-------- DATA EXTRACTS

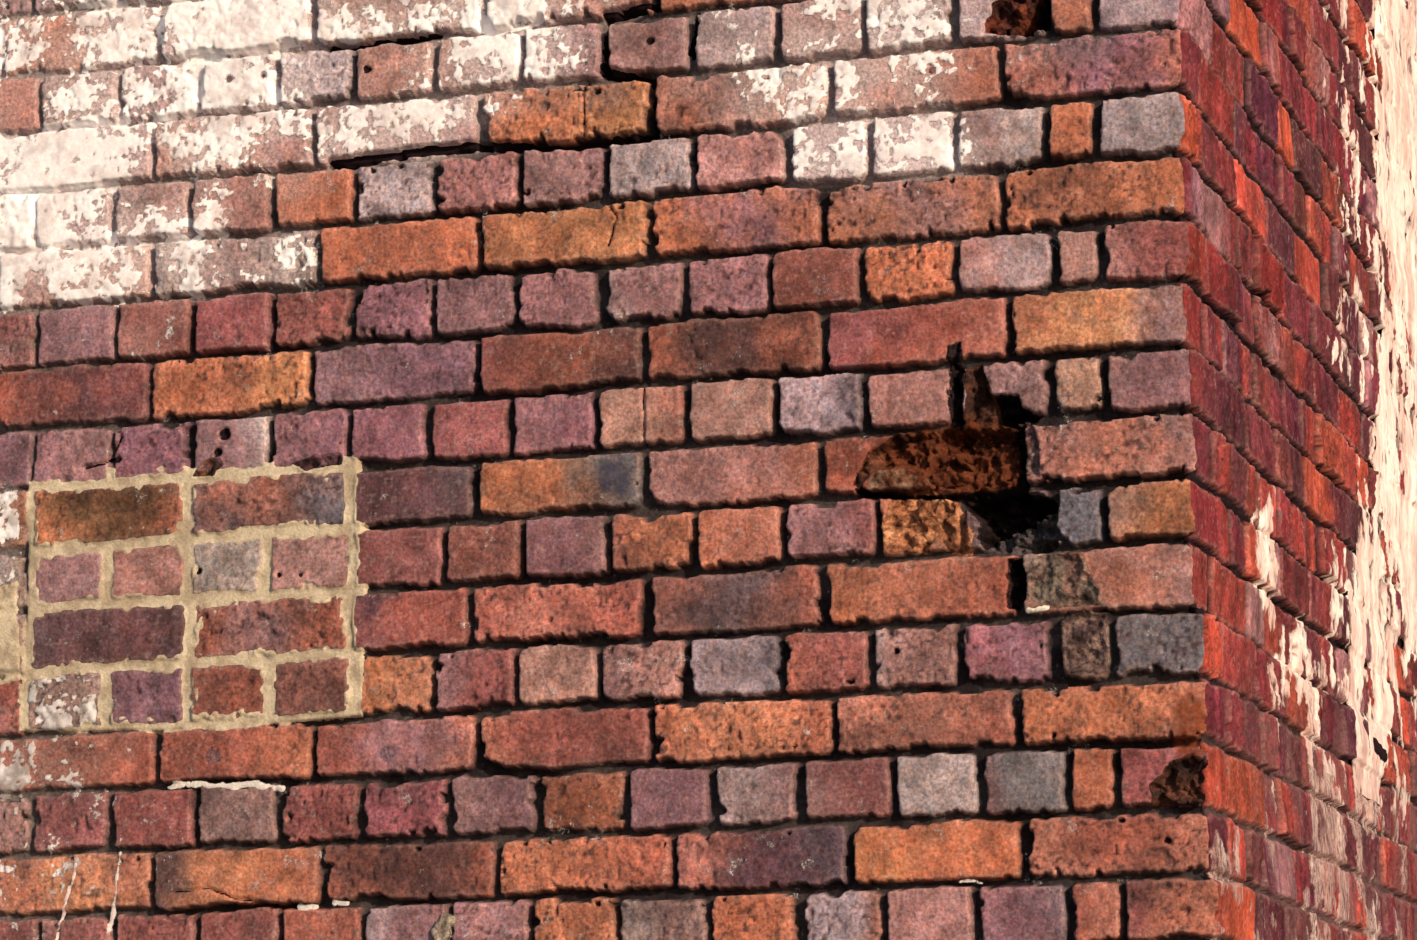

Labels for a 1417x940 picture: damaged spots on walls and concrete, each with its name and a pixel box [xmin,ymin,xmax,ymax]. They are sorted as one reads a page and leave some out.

peeling [0,0,596,396]
peeling [696,0,1063,219]
damp [1322,0,1387,497]
peeling [0,479,39,585]
spalling [193,428,235,508]
spalling [292,452,343,471]
spalling [845,364,1120,701]
peeling [0,657,194,907]
spalling [413,912,509,940]
peeling [694,836,784,878]
spalling [1149,753,1208,809]
damp [1250,487,1407,940]
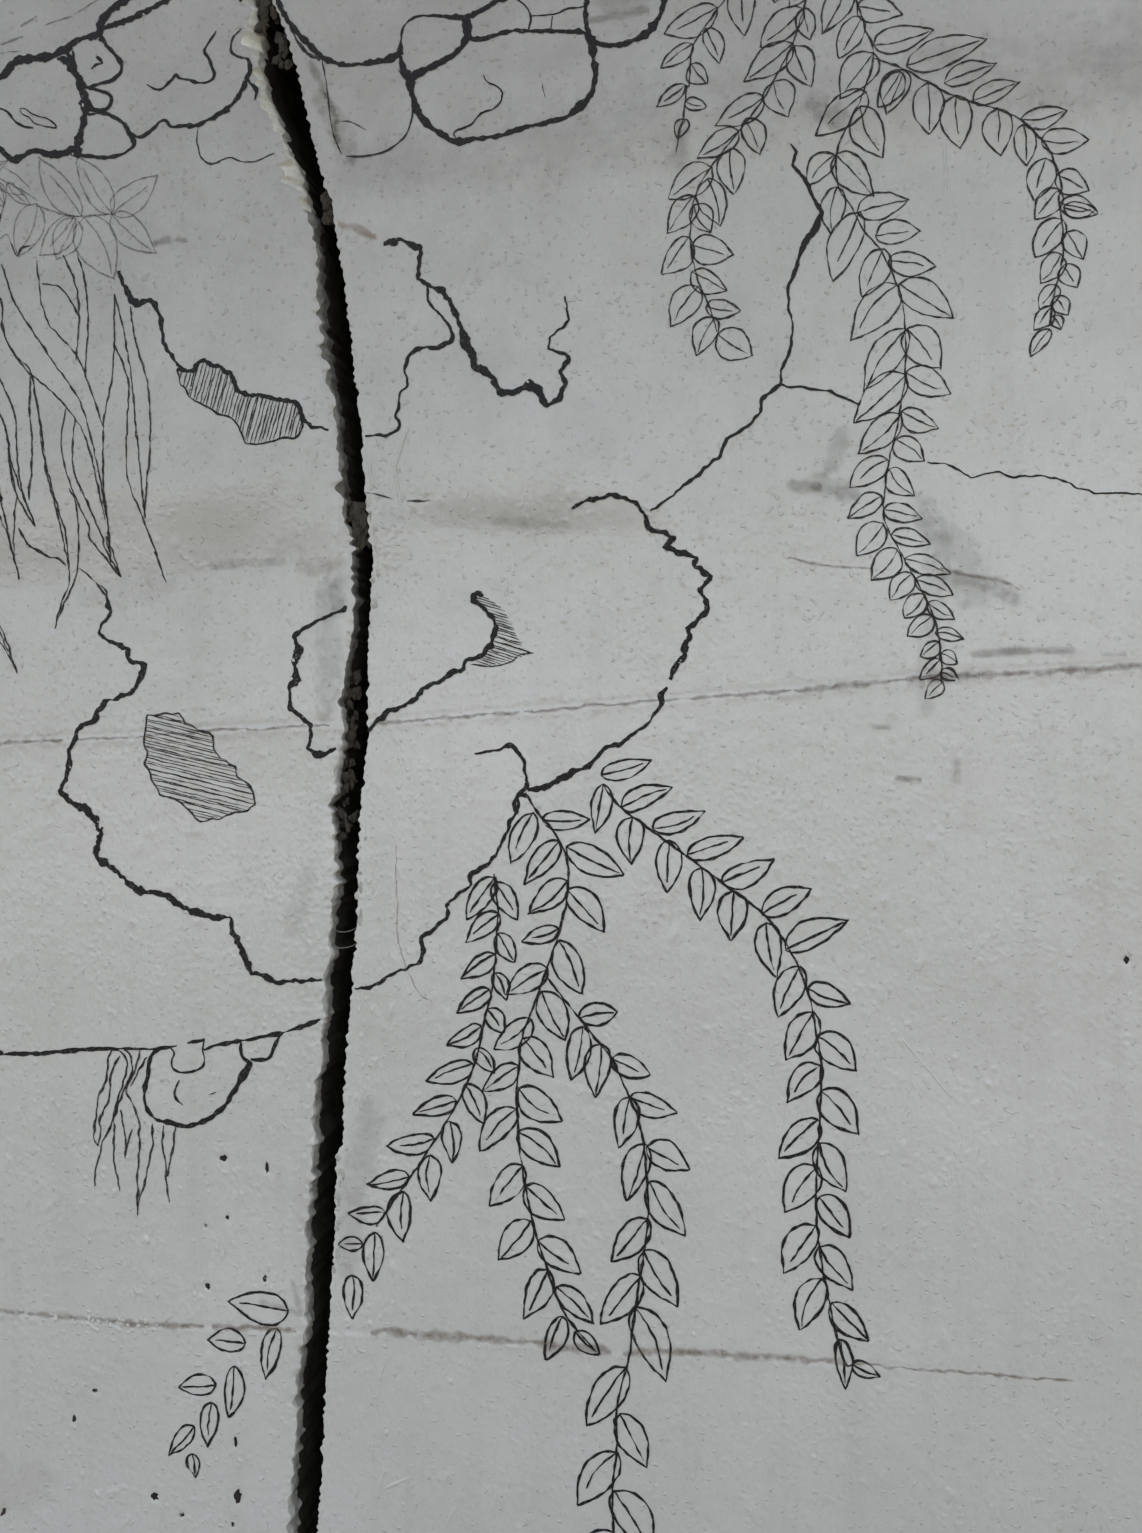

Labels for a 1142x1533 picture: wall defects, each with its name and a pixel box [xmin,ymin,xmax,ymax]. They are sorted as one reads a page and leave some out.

----------------

→ **ASSIGNMENT**:
Only the text of the records belongs in your answer, repeated exactly; the pictures stay out.

→ **RESPONSE**:
Labels for a 1417x940 picture: damaged spots on walls and concrete, each with its name and a pixel box [xmin,ymin,xmax,ymax]. They are sorted as one reads a page and leave some out.

peeling [0,0,596,396]
peeling [696,0,1063,219]
damp [1322,0,1387,497]
peeling [0,479,39,585]
spalling [193,428,235,508]
spalling [292,452,343,471]
spalling [845,364,1120,701]
peeling [0,657,194,907]
spalling [413,912,509,940]
peeling [694,836,784,878]
spalling [1149,753,1208,809]
damp [1250,487,1407,940]

Labels for a 1142x1533 picture: wall defects, each with its name and a pixel box [xmin,ymin,xmax,ymax]. They are sorted as one reads a page and leave some out.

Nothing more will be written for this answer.